Chapter 4 “Mapping Density” explains how mapping density allows you to see “patterns of where things are concentrated”. While some maps emphasize specific locations of features, Density maps focus on the patterns of certain features. I thought this was interesting because in the previous chapters we were looking at specific features, like individual crime scenes. With a density map it is more of a broad way of showing where for example the most crimes occur, and through this type of map you can see patterns of where the most crime is located or where there isn’t as much of a concentration of crimes occurring. Density maps can provide you with a density measurement per area. Raster layers are used to create density surfaces. Based on the reading the raster layers allow us to see concentrated features. I think if I’m understanding this correctly, you can have a cell of a map and if you take a radius around that cell you can figure out the  amount of features within that radius and that number is assigned to the cell and after you do that with all of the cells that is where you get your smoothed area of concentrations. Search radius can be large or small. Larger search radiuses show more generalized patterns, while smaller search radiuses show more local variation.

Chapter 5

I am having trouble understanding how all of these maps are different. I think they are different based on the features and also how the features are being analyzed. This chapter seems to be talking about what is going on in an area. You can monitor what’s happening this way, or you can use this information to compare different areas based on what is happening to them. They give the example of potentially mapping the affected area of a toxic plume. If not for this information appropriate action could be taken by the public or those with the ability to handle the situation. You can show boundaries of certain things such as buffers around streams, soil types in a parcel of land, and floodplains. I think that this is an interesting thing that I haven’t thought about before while looking at maps.
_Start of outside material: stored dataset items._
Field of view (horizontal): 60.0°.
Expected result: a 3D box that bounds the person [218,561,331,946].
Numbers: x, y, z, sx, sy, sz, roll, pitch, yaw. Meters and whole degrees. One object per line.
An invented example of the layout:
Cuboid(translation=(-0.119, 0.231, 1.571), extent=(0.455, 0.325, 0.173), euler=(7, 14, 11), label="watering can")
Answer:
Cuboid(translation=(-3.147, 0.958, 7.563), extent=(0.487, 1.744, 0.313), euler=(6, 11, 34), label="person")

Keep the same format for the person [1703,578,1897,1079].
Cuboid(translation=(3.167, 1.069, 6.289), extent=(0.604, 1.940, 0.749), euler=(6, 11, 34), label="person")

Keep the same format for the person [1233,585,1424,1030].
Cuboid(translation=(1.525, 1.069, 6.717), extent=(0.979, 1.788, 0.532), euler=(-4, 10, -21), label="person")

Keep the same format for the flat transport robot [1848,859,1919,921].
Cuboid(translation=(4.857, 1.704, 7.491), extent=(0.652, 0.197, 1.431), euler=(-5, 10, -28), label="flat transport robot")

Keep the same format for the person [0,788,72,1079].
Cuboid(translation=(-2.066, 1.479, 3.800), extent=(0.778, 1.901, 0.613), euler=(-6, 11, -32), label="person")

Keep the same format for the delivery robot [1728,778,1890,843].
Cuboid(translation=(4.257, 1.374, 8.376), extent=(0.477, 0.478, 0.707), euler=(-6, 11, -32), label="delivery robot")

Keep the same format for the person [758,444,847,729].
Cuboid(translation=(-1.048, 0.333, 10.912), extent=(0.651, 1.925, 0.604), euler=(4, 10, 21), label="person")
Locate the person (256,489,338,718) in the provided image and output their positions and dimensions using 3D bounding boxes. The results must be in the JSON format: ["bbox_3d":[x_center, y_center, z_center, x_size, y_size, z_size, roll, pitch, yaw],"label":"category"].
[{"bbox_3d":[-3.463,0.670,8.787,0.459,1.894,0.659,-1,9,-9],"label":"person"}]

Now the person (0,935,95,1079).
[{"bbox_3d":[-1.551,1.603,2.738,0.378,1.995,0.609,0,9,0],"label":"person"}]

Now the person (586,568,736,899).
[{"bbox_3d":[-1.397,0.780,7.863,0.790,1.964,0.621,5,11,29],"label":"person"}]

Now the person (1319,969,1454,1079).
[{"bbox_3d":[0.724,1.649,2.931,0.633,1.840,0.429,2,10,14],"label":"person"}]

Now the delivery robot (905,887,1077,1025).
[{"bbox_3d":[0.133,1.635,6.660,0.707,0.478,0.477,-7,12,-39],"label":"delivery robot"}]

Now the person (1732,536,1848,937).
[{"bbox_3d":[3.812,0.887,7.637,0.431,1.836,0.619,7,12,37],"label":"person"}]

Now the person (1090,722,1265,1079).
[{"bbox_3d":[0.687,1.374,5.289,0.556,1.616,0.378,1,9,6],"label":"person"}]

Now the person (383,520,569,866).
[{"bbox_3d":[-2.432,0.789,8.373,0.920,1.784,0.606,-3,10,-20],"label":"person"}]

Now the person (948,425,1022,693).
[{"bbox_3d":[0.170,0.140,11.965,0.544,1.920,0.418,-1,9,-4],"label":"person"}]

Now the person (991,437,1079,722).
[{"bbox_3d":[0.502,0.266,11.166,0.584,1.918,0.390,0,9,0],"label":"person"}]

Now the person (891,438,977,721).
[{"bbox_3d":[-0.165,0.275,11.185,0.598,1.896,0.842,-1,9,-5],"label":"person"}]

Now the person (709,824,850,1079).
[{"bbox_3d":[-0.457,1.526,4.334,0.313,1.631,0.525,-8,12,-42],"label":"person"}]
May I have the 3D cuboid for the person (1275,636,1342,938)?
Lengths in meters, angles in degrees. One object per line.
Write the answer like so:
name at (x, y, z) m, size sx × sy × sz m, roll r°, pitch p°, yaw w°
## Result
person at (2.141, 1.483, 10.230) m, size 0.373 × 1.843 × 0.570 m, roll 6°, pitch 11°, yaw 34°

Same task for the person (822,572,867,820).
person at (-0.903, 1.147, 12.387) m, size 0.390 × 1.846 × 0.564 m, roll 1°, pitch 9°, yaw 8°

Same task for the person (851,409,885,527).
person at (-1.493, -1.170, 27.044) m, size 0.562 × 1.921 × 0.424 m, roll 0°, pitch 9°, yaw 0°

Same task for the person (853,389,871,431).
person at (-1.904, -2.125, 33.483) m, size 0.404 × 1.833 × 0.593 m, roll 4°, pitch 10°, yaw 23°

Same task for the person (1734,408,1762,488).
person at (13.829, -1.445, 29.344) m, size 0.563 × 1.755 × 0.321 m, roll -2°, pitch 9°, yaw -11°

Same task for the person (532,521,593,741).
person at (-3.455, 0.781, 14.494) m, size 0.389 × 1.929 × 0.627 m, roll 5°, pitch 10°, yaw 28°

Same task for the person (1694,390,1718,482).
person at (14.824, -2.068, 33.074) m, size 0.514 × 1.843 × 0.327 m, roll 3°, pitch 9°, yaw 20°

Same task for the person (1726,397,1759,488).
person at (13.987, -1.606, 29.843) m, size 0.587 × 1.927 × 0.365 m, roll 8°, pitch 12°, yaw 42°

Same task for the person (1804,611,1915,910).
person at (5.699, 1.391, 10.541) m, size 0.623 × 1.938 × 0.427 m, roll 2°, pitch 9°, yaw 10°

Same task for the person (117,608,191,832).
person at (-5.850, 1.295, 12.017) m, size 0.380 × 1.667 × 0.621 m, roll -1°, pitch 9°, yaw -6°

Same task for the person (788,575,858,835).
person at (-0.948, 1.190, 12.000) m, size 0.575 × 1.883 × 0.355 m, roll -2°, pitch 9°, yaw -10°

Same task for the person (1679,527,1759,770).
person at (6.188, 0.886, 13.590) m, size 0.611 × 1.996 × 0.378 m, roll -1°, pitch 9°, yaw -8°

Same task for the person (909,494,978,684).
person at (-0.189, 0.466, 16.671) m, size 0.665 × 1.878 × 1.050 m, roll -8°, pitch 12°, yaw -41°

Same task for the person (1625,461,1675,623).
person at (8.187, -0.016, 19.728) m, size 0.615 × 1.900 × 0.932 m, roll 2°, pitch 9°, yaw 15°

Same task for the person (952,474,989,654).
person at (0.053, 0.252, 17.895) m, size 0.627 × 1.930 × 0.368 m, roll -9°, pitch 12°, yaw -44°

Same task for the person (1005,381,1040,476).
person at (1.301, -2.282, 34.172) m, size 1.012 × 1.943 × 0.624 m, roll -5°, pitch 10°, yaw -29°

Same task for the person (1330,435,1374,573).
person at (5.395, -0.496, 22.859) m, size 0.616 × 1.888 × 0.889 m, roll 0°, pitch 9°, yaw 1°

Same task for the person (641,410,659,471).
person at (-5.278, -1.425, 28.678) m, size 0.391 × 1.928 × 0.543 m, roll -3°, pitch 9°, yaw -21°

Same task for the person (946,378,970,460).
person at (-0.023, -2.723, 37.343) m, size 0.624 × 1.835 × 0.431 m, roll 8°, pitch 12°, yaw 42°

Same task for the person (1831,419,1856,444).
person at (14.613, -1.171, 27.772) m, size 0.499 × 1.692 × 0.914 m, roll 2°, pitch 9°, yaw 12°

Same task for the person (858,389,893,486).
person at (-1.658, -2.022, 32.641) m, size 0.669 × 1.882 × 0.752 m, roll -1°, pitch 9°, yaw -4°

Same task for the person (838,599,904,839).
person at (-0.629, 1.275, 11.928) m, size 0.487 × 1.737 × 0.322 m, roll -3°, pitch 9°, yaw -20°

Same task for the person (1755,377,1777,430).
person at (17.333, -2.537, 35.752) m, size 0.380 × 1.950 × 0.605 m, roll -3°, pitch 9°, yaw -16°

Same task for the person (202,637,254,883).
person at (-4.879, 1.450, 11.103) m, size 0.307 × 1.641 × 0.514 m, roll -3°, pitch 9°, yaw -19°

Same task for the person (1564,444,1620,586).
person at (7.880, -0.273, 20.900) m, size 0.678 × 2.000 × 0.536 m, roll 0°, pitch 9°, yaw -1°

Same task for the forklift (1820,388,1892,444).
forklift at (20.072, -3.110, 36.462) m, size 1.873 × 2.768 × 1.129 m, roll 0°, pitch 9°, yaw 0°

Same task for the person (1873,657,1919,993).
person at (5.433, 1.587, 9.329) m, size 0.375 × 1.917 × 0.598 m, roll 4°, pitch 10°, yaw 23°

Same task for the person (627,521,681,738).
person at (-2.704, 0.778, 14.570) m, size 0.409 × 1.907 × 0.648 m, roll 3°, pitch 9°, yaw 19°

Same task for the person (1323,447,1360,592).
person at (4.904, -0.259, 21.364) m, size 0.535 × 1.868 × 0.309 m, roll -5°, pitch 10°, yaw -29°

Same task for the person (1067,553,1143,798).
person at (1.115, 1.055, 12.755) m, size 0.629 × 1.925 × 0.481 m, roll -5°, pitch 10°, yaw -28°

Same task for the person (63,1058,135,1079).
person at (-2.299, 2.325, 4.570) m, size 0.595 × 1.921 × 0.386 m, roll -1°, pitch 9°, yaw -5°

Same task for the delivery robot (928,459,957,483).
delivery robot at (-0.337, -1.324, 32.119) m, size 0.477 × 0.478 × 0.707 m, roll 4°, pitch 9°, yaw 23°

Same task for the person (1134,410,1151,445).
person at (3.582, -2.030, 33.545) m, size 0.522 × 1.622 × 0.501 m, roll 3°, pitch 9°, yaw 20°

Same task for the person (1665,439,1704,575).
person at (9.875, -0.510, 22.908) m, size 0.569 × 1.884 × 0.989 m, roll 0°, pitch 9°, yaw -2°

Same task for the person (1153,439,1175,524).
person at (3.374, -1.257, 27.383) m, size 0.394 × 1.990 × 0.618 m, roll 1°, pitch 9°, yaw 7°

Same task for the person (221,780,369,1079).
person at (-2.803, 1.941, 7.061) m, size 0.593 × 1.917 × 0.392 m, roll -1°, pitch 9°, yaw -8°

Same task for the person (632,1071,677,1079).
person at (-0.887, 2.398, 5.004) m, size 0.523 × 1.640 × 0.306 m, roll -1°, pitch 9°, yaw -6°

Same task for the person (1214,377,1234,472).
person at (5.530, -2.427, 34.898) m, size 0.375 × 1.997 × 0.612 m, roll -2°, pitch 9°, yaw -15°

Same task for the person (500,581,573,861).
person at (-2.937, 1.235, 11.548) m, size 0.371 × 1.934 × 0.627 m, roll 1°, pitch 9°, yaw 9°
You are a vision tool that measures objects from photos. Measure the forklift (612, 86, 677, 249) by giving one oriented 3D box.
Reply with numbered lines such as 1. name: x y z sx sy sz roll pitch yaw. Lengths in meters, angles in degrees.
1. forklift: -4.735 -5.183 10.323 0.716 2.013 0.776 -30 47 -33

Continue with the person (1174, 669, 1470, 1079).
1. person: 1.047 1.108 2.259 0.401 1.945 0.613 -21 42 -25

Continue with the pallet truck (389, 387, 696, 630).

On the topic of discrete or continuous features, discrete features are features that you can easily identify and they are unique. They are locations, addresses, crimes, etc. With continuous features you can summarize the features for each area.

Chapter6

In the chapter, Finding What’s Nearby, I learned that you can set distances and you can figure out what is going on within these distances of the certain feature you are looking at. You can label the nearness of a feature using distance or travel cost. I have gathered that it is important to know what information you will need because that will help you choose the best way to carry out your analysis. There are three ways of finding out what is nearby. Straight line distance, distance or cost over a network or, cost over a surface. Straight line distance is what you choose a specific source feature and the distance and then the area is found within the distance that you specified. When it comes to layers you need the source feature and then a layer with the distance to form what you are desiring. Straight line distance allows you to create boundaries around a source.  With Distance or cost over a network, I see this as when you put an address in your google maps and it shows you all of the routes and which one is the fastest. At least this is what I have gathered from the reading. Cost over a surface is when you have locations of source features and a travel cost. Adn from that “ “The GIS creates a new layer showing the travel cost from each source feature.” Cost over surface is more for overland travel, while cost or distance over a network is if you are traveling in fixed infrastructure. And for straight line distance this would be used for estimates of travel range.